Hitchens retails the fact, also recently learned, that many children appear at school for the first time, totally unequipped for the task at hand. Many are so poorly brought up that they don't even know how to hold a knife and fork or simply listen when another person speaks to them.
For his part, Anglican Archbishop Sentamu defends children and cites examples of those who have risen above their upbringing and surroundings to make important contributions to their communities. He pronounces himself "fed up to the back teeth" with denigration of young people like Naomi Cumming who, in the Archbishop's telling, seems to be a fine, productive 15-year-old.
Whether they know it or not, though, Hitchens and Archbishop Sentamu are aiming at the same target - family breakdown. As Sentamu writes,
The State must have a role to play in safeguarding – but it also has a role to play in supporting communities and individuals to own their responsibilities to one another, not least through the support of the families who are the building block of any community.

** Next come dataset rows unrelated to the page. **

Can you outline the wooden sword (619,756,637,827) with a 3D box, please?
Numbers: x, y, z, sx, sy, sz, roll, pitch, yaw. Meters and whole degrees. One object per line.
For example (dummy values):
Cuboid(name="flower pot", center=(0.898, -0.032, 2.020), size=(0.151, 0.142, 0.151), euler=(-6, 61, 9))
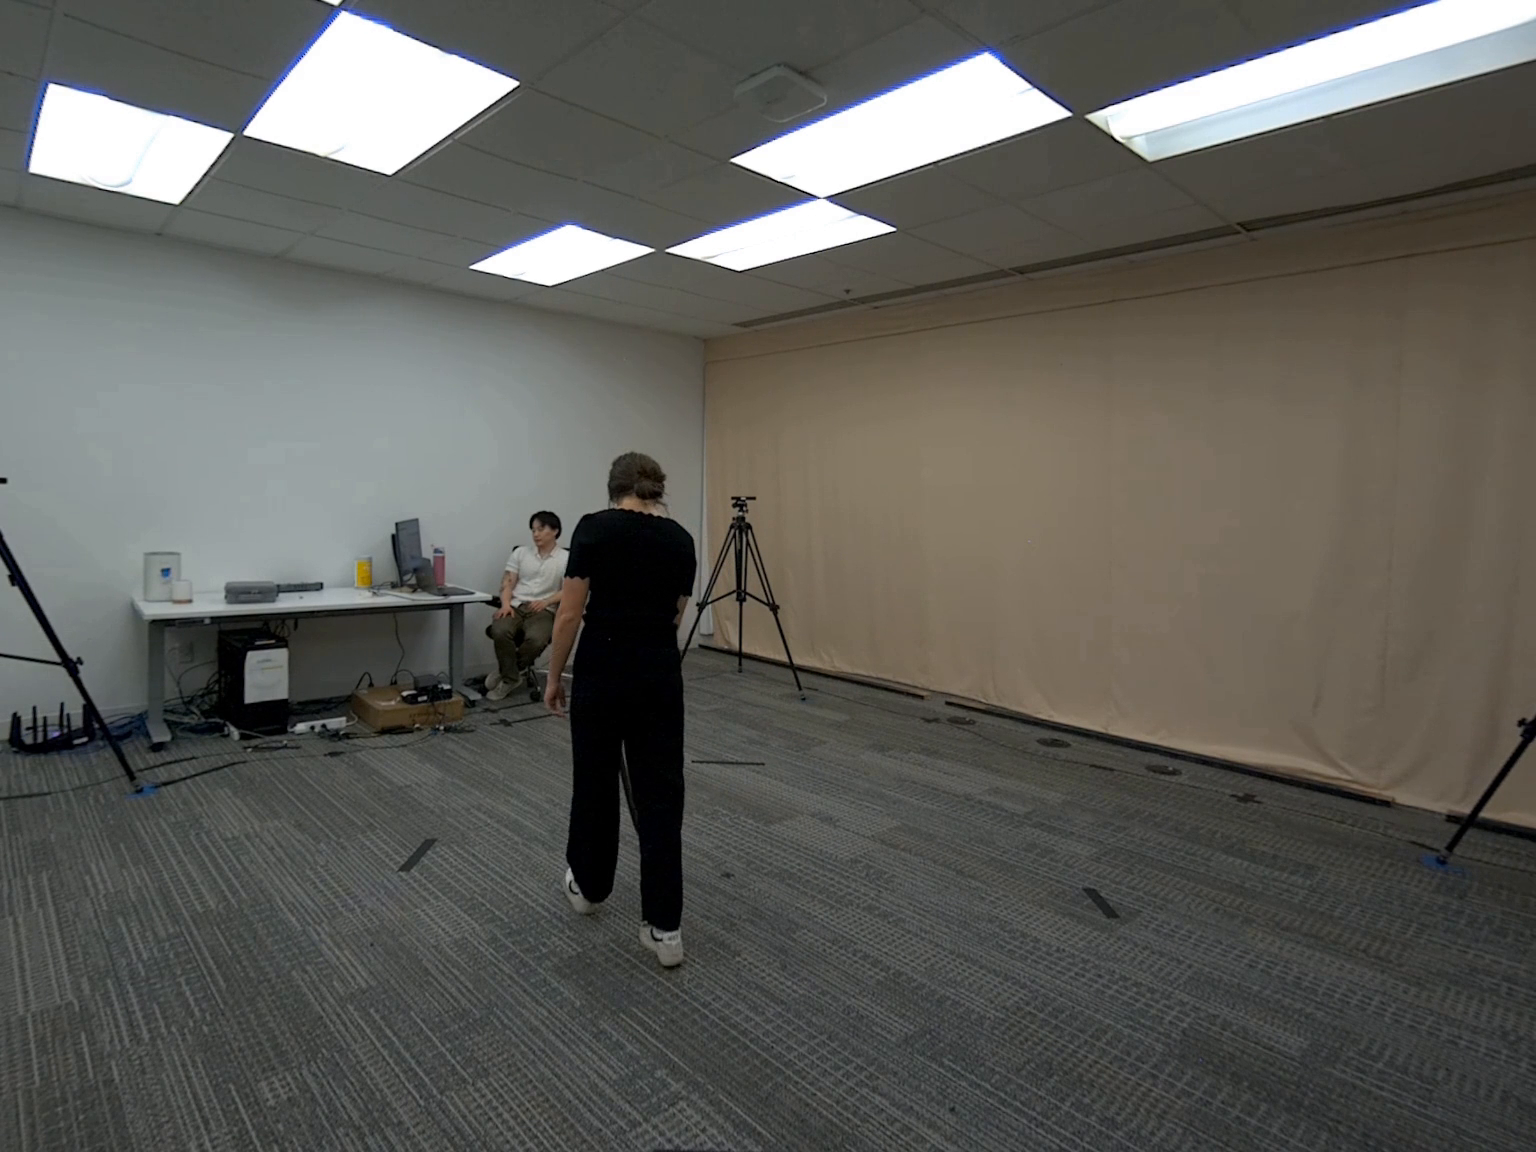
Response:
Cuboid(name="wooden sword", center=(-0.565, 0.694, 3.166), size=(0.024, 1.002, 0.053), euler=(-32, 50, -32))

The State must support marriage because in creation, it is given as the ‘foundation of family life’.
Hitchens writes about basic early-childhood learning and, while no fan of British schools, places the blame exactly where it in fact lies:
But we were not born with these blessings. We learned them in thousands of tiny steps, from parents who were present in our lives from our earliest moments, not for a brief few months before everyone had to go back to the grindstone.
Our schools are terrible, and have been for years – so terrible that even the authorities are beginning to admit it.
But the teachers are right when they say that the real problem is in the home.
That's where Hitchens goes off the rails. He blames family breakdown on society's willingness to violate "human nature," by which he means our desire for equality between men and women.
Let's be clear on something. Nothing in "human nature" dictates that women should be prevented from earning a living. Whatever human nature may be, we live in the 21st century and making half the population dependent on the other half of the population accords with none of our values. Neither does denying economic equality and freedom to half the population. Neither does denying society the talents and energies of half the population.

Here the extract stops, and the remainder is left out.